=== RECORDED INFORMATION ===

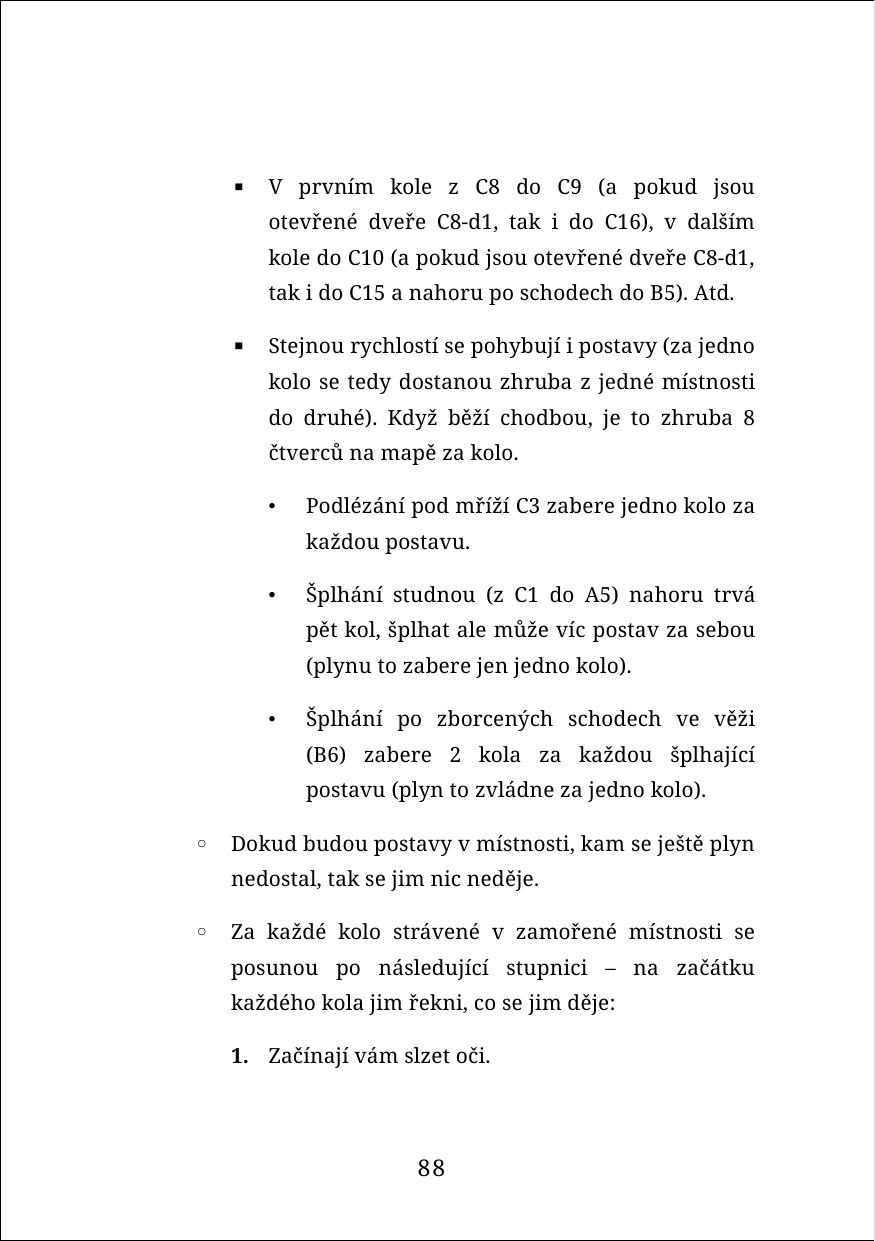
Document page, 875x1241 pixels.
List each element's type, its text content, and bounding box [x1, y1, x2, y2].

list V prvním kole z C8 do C9 (a pokud jsou otevřené dveře C8-d1, tak i do C16), v dalším kole do C10 (a pokud jsou otevřené dveře C8-d1, tak i do C15 a nahoru po schodech do B5). Atd. [231, 172, 756, 307]
list Za každé kolo strávené v zamořené místnosti se posunou po následující stupnici – na začátku každého kola jim řekni, co se jim děje: [193, 917, 756, 1017]
list Dokud budou postavy v místnosti, kam se ještě plyn nedostal, tak se jim nic neděje. [193, 829, 756, 893]
list Šplhání studnou (z C1 do A5) nahoru trvá pět kol, šplhat ale může víc postav za sebou (plynu to zabere jen jedno kolo). [268, 580, 756, 679]
list Podlézání pod mříží C3 zabere jedno kolo za každou postavu. [268, 491, 756, 555]
list Začínají vám slzet oči. [231, 1042, 756, 1070]
list Stejnou rychlostí se pohybují i postavy (za jedno kolo se tedy dostanou zhruba z jedné místnosti do druhé). Když běží chodbou, je to zhruba 8 čtverců na mapě za kolo. [231, 332, 756, 467]
list Šplhání po zborcených schodech ve věži (B6) zabere 2 kola za každou šplhající postavu (plyn to zvládne za jedno kolo). [268, 704, 756, 804]

===

Images in the records must not be repeated; everything else should be returned exactly.

Document page, 875x1241 pixels.
List each element's type, its text content, and bounding box [x1, y1, x2, y2].

list V prvním kole z C8 do C9 (a pokud jsou otevřené dveře C8-d1, tak i do C16), v dalším kole do C10 (a pokud jsou otevřené dveře C8-d1, tak i do C15 a nahoru po schodech do B5). Atd. [231, 172, 756, 307]
list Za každé kolo strávené v zamořené místnosti se posunou po následující stupnici – na začátku každého kola jim řekni, co se jim děje: [193, 917, 756, 1017]
list Dokud budou postavy v místnosti, kam se ještě plyn nedostal, tak se jim nic neděje. [193, 829, 756, 893]
list Šplhání studnou (z C1 do A5) nahoru trvá pět kol, šplhat ale může víc postav za sebou (plynu to zabere jen jedno kolo). [268, 580, 756, 679]
list Podlézání pod mříží C3 zabere jedno kolo za každou postavu. [268, 491, 756, 555]
list Začínají vám slzet oči. [231, 1042, 756, 1070]
list Stejnou rychlostí se pohybují i postavy (za jedno kolo se tedy dostanou zhruba z jedné místnosti do druhé). Když běží chodbou, je to zhruba 8 čtverců na mapě za kolo. [231, 332, 756, 467]
list Šplhání po zborcených schodech ve věži (B6) zabere 2 kola za každou šplhající postavu (plyn to zvládne za jedno kolo). [268, 704, 756, 804]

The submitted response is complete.